Does this new problem have a name? Is there any known technique to solve it?

  • $\begingroup$ I don't get it. Aren't the rotation matrices independent of the frame of reference? If so they are already aligned. $\endgroup$ Commented Mar 20, 2015 at 13:27
  • $\begingroup$ There are degenerated cases in which it doesn't happen. For example, consider a trajectory with a single pose. By aligning only the translation, the axes of each pose are free and they may not be aligned. However, you have enough information to find the correct rotation. $\endgroup$ Commented Mar 20, 2015 at 14:12

1 Answer 1


A simple modification of Horn's approach can be made to incorporate local rotation information: rather than just matching the centers of the body (trajectory points), use several off-centered points on the body such as the endpoints of a tied reference frame (in a way, forming dipoles, quadrupoles, octupoles...).

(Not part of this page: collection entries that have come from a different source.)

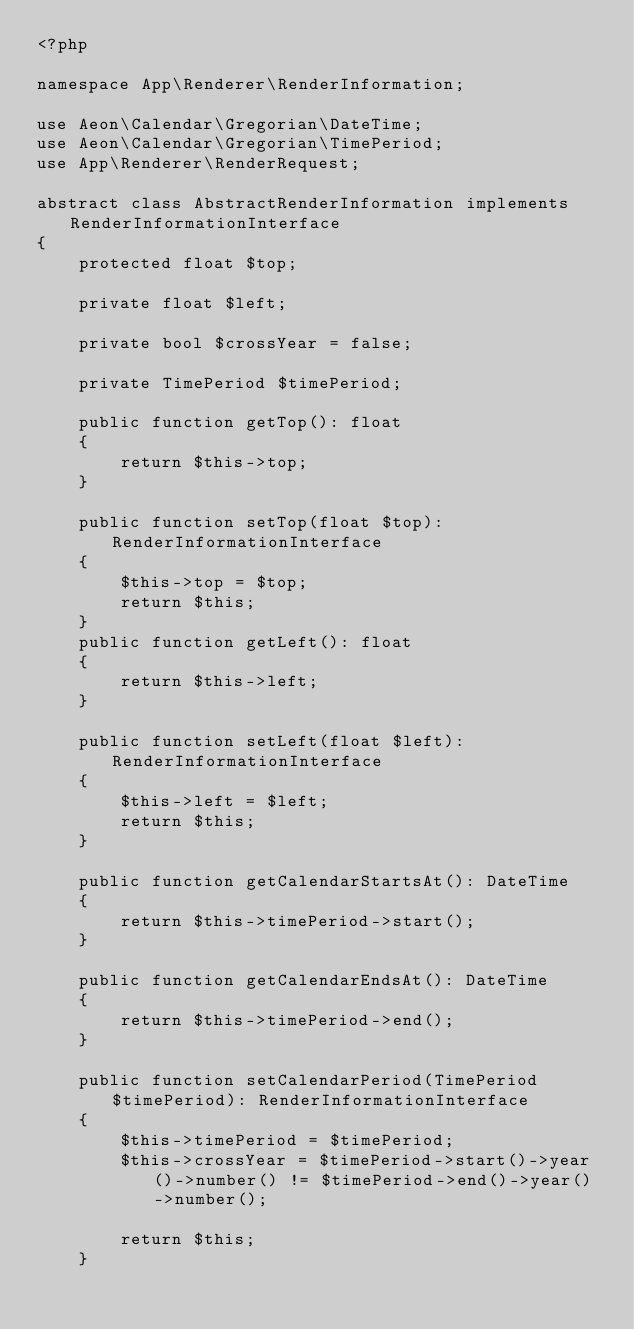Convert code to text. <code><loc_0><loc_0><loc_500><loc_500><_PHP_><?php

namespace App\Renderer\RenderInformation;

use Aeon\Calendar\Gregorian\DateTime;
use Aeon\Calendar\Gregorian\TimePeriod;
use App\Renderer\RenderRequest;

abstract class AbstractRenderInformation implements RenderInformationInterface
{
    protected float $top;

    private float $left;

    private bool $crossYear = false;

    private TimePeriod $timePeriod;

    public function getTop(): float
    {
        return $this->top;
    }

    public function setTop(float $top): RenderInformationInterface
    {
        $this->top = $top;
        return $this;
    }
    public function getLeft(): float
    {
        return $this->left;
    }

    public function setLeft(float $left): RenderInformationInterface
    {
        $this->left = $left;
        return $this;
    }

    public function getCalendarStartsAt(): DateTime
    {
        return $this->timePeriod->start();
    }

    public function getCalendarEndsAt(): DateTime
    {
        return $this->timePeriod->end();
    }

    public function setCalendarPeriod(TimePeriod $timePeriod): RenderInformationInterface
    {
        $this->timePeriod = $timePeriod;
        $this->crossYear = $timePeriod->start()->year()->number() != $timePeriod->end()->year()->number();

        return $this;
    }
</code>

Then use Horn's method on this augmented point set.

By adjusting the remoteness of these points from the center, you can trade good translational fitting for good rotational fitting.

This aside, you can probably develop a method based on static equilibrium of two solids (formed by the whole trajectories), where elastic forces are developed between corresponding points as a function of distance and torques as a function of misalignment.

CAUTION: in case there is significant scaling difference, you will need to adjust the remoteness proportionally to the size of the whole trajectory, otherwise artificial discrepancies will arise because of rescaling.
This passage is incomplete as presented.